I've some code that uses Puppeteer that I am using to grab random words from a website that generates them. The process simulates a drop-down click, entry, and mouse click and then grabs text generated on the next page and saves it into a .json file in the cwd.
I am trying to figure out the best way to display some form of a progress descriptor of the happenings like a percentage (as I would like to have the Puppeteer code run in headless mode) but I cannot figure how I might get that to work under my current set up. Does anyone have any suggestions?
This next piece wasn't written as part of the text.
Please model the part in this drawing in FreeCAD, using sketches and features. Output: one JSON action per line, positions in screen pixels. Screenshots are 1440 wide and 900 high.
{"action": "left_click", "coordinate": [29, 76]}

Also, this is my first quarter in JS so I understand I may have done things in ways that are not polished, please be kind.
// instantiate puppeteer
const puppeteer = require('puppeteer');
// function call for puppeteer
async function launchSearch(){
// website that generates random words where the words will come from
const url = 'https://www.sodacoffee.com/words/list-generator';
// button div id to click and generate more word searches
const buttonClick = '#ctl00_ContentPane_btn';
// div id for the drop-down selector on the url asking how many results we want
const numResultsPerClick = '#ctl00_ContentPane_resultscounter';
// puppeteer browser launch options
const browser = await puppeteer.launch({
// headless == no graphical representation of the browser
headless: false,
});
// create new browser element named page
const page = await browser.newPage();
// go to word generator URL
await page.goto(url);
// variable searches DOM for div id (declared above)
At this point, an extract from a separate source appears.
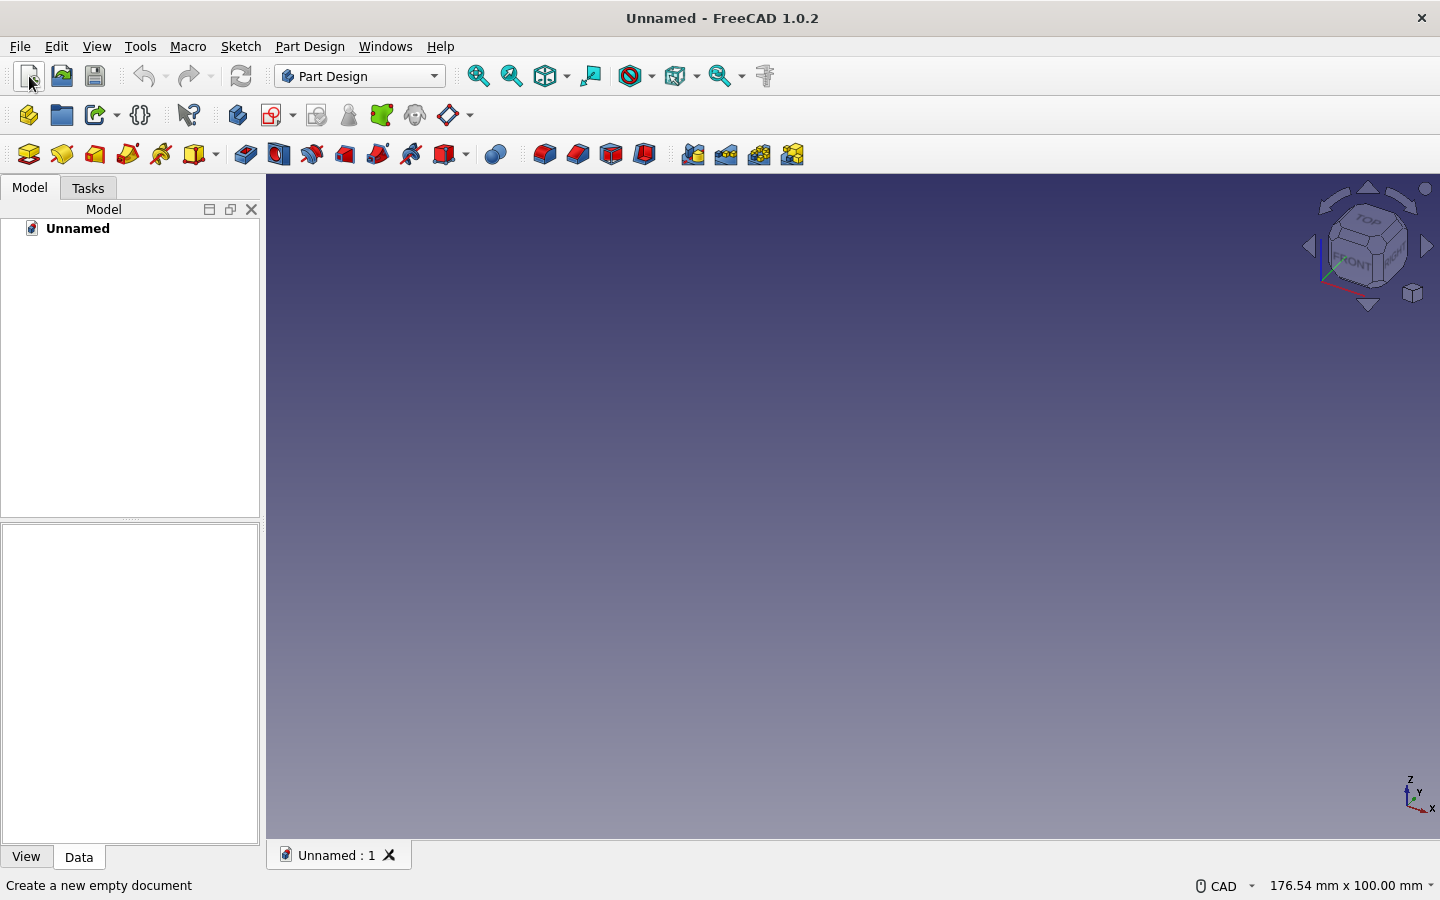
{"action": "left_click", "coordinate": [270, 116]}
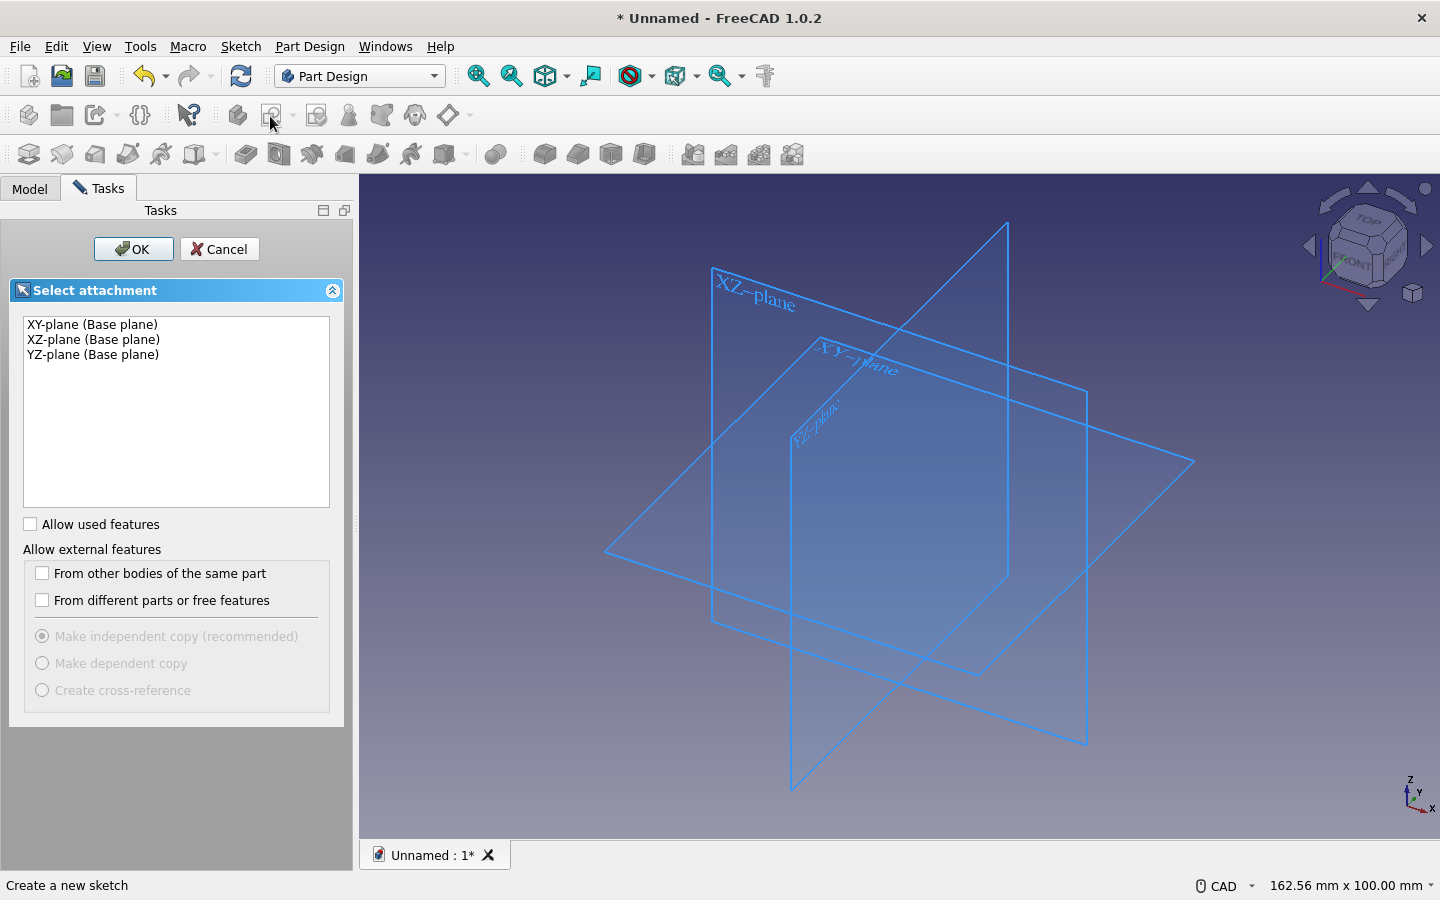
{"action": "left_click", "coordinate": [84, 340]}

const numWordsScrape = await page.$(numResultsPerClick);
// select the element
await numWordsScrape.click()
// type 50 to return 50 random words
await numWordsScrape.type('50');
// to prevent some errors due to promises, Promise.all() seemed to be best to get results
await Promise.all([
// wait until the page has loaded (url)
page.waitForNavigation(),
// click button
page.click(buttonClick)
])
// site *should* have advanced forward to the next page with 50 results
const textAfterButtonClick = await page.evaluate(
// create an array from the results of the query to the DOM, and map those specific elements <tr> -> to their inner text values
() => Array.from(document.querySelectorAll('#ctl00_ContentPane_GridView1 tbody tr')
).map((elem) => elem.innerText.trim())
);
// instantiate file handling
const fs = require('fs');
const file = 'word.txt';
fs.writeFileSync('./words.json', JSON.stringify(textAfterButtonClick), err => err ?
console.log(err): null);
// close instance of browser
await browser.close();
}
launchSearch();